03-30-2004, 09:48 AM
For trout: peacock nymph: Lead wire, peacock herl body ribbed with the black tying thread. No hackle, no wing, no tail.

Mink Nymph: mink dubbing, including guard hairs over weighted or unweighted body. Pick out the guard hairs. If you want to get fancy, wrap a couple of turns of tan partridge as a hackle.

Saltwater: Clousers are good but do take time... so go with a Dart: full, long marabou tail, wrapped body, conehead. You pick the colors and body material.


North Island
03-30-2004, 10:24 AM
Tough Choice.

There are so many. For salmon, Knudson's Spider with color variation.

For trout, a Brown Hackle. N I

03-30-2004, 06:48 PM
light cahill
pink squirrel (Wisconsin fly)it's a nymph
woolly bugger

03-30-2004, 08:49 PM
Fresh water - grifiths gnat.
Salt - Ray's fly is right up there in productivity but I have to second the estaz bugger it's a real easy tie and it was a killer this last fall.

Nooksack Mac
03-31-2004, 04:33 AM
This is an uncomfirmed guess, but since the emphasis here is on quick-and-easy tying combined with effectiveness, I'd bet on a streamer/leach tied with crosscutt rabbit strip. It's an impressionistic undulator that should attract fishy attention just about anywhere. A few different colors, a few different hook sizes and lengths, and the fishy world awaits.:)

03-31-2004, 06:15 AM
trout elk hair caddis.
Salt Clouser and Ray's fly. Out West the easily tied flies are called Guide flies and for a reason. The guide wants and effective fly that he can bang out the night before he takes his sports out .

Dble Haul
03-31-2004, 08:06 AM
Freshwater- Marabou leech.....it's just what the name implies and will catch anything that can fit it in its mouth.

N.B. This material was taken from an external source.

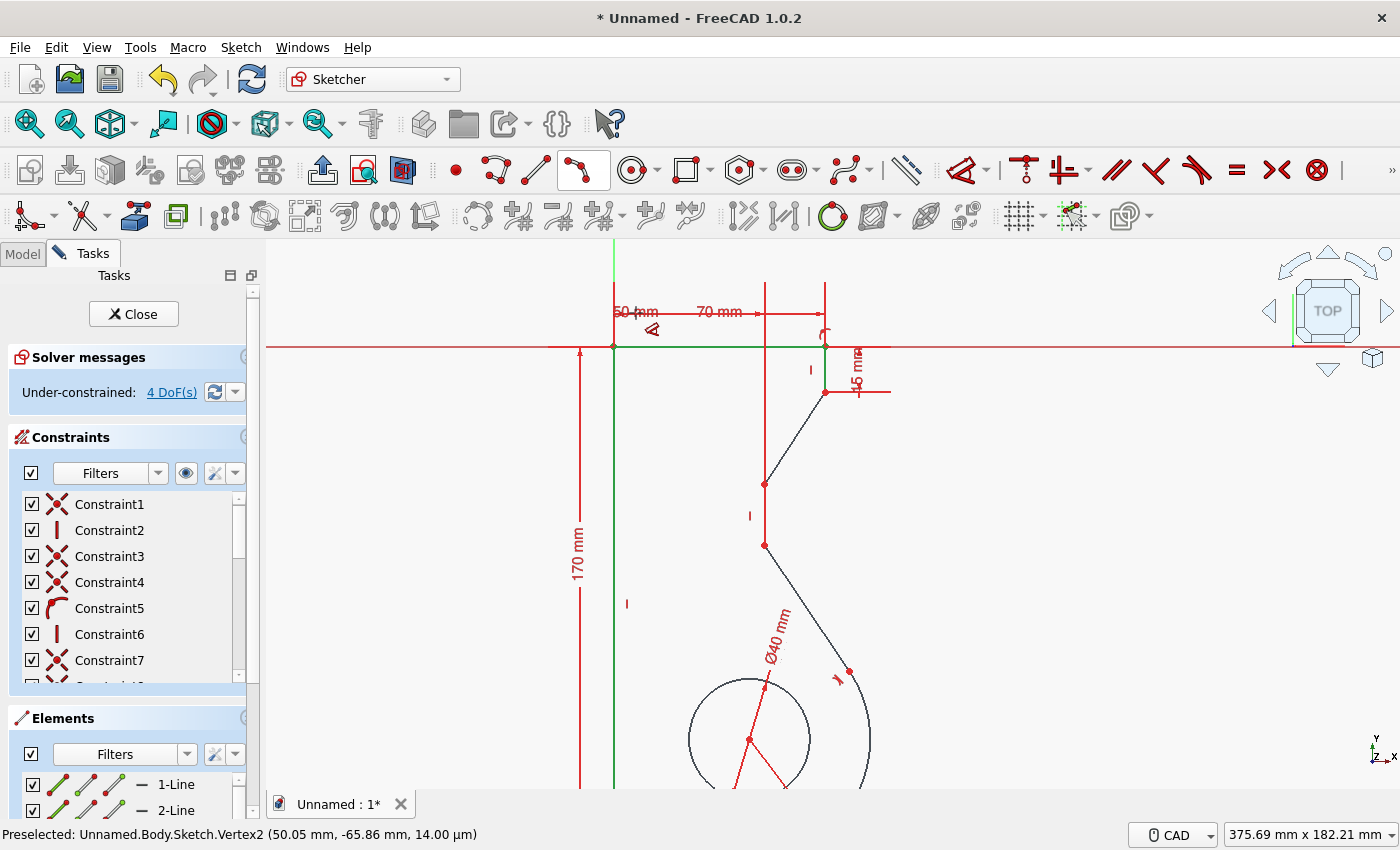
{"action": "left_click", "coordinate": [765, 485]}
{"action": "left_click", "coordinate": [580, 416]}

Saltwater- Clouser minnow....if your materials are set up in advance for bulk tying, these flies should take less than four or five minutes apiece to tie, and they will catch just about anything.

Dble Haul
04-01-2004, 08:55 AM
I just thought of another one for freshwater, trout in particular. The San Juan worm. A pattern doesn't get much easier than that, and I've had good results with them.

04-01-2004, 09:31 AM
the san juan reminded me of perhaps the easiest of all...although you could debate weather it's a "fly".

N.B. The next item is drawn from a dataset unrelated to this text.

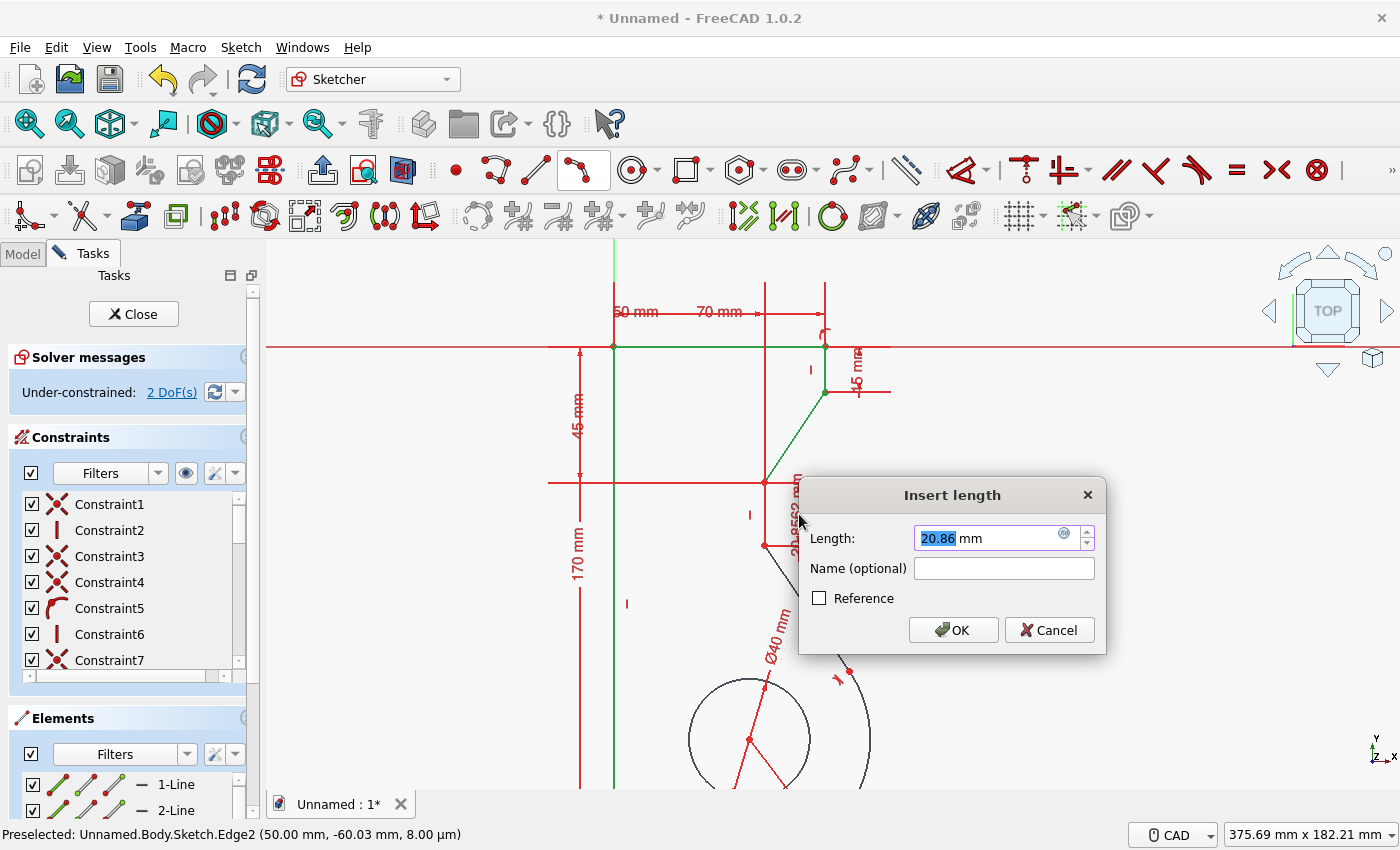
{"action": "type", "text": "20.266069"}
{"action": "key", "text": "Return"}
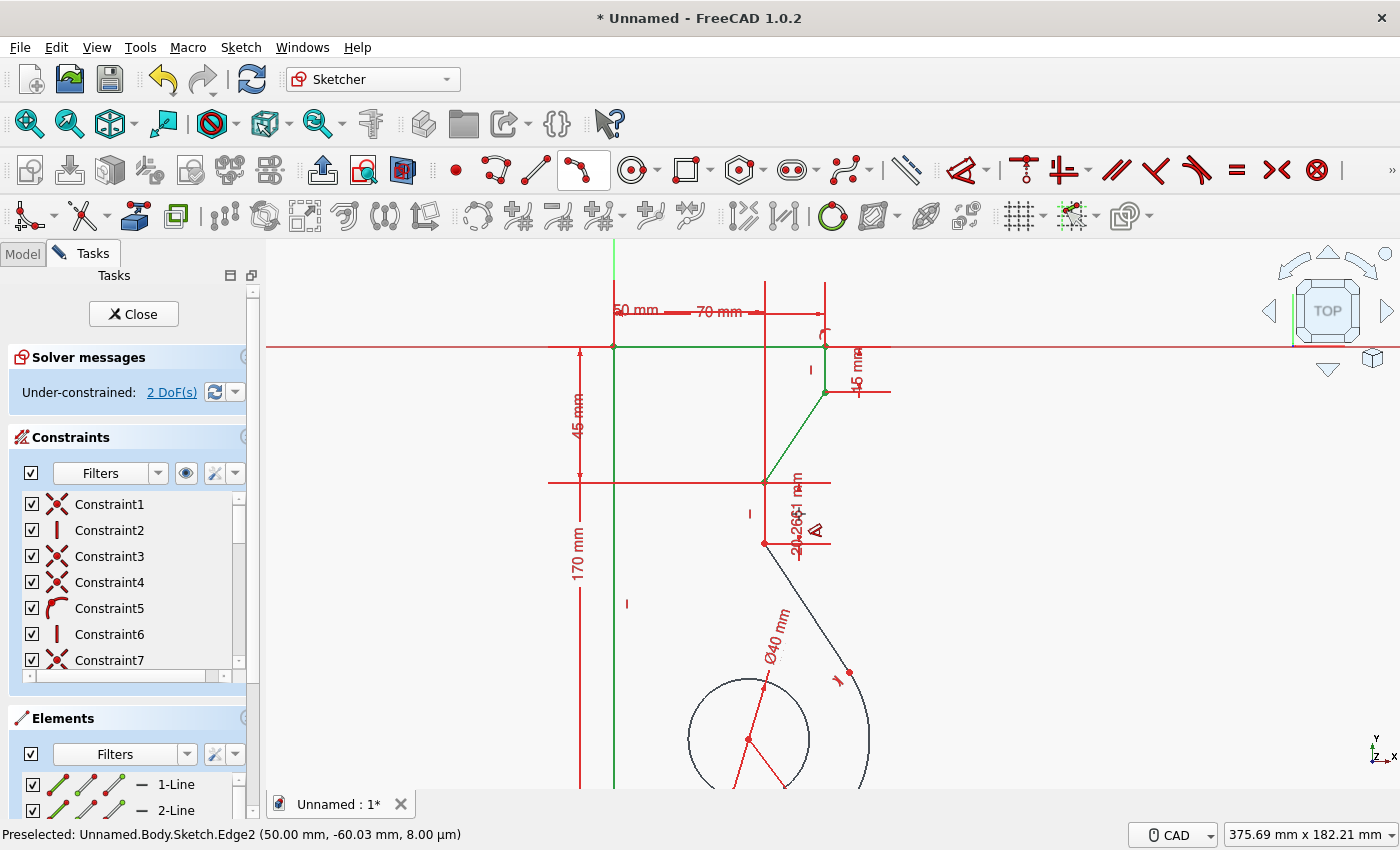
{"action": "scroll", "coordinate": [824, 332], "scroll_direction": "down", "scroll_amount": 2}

the glue gun egg - drop of pink hot glue on hook - dip in H20. couldn't be much easier than that...no thread!

04-01-2004, 09:44 AM
That approach seems a bit too boring, though. What's the fun of fly tying if no tying is needed?

04-01-2004, 09:49 AM
I agree they are boring but you can do a handful in 5 minutes
and not think twice about running one as a dropper where you
might lose it.

Plus they work like hell and you can't buy'em in most fly shops.

04-02-2004, 10:24 PM
If you set up everything before you start, you can tie a White Lefty's Deceiver in nothing flat, 6 hackles 3 per side, a spun bucktail collar and thats it. You can add flash if you want, but it's quicker than clousers and most other flies. And it works beet than anything else, even on trout. In mini sozes. Max

Dble Haul
04-03-2004, 08:46 AM
I guess that I'm a bit confused over the notion some folks have that clousers take a while to tie, even when compared with a deceiver. A clouser entails dumbell eyes, a layer of bucktail or equivalent on bottom, some middle flash, and a layer of darker or same colored bucktail or equivalent on top. They take me all of a few minutes to tie.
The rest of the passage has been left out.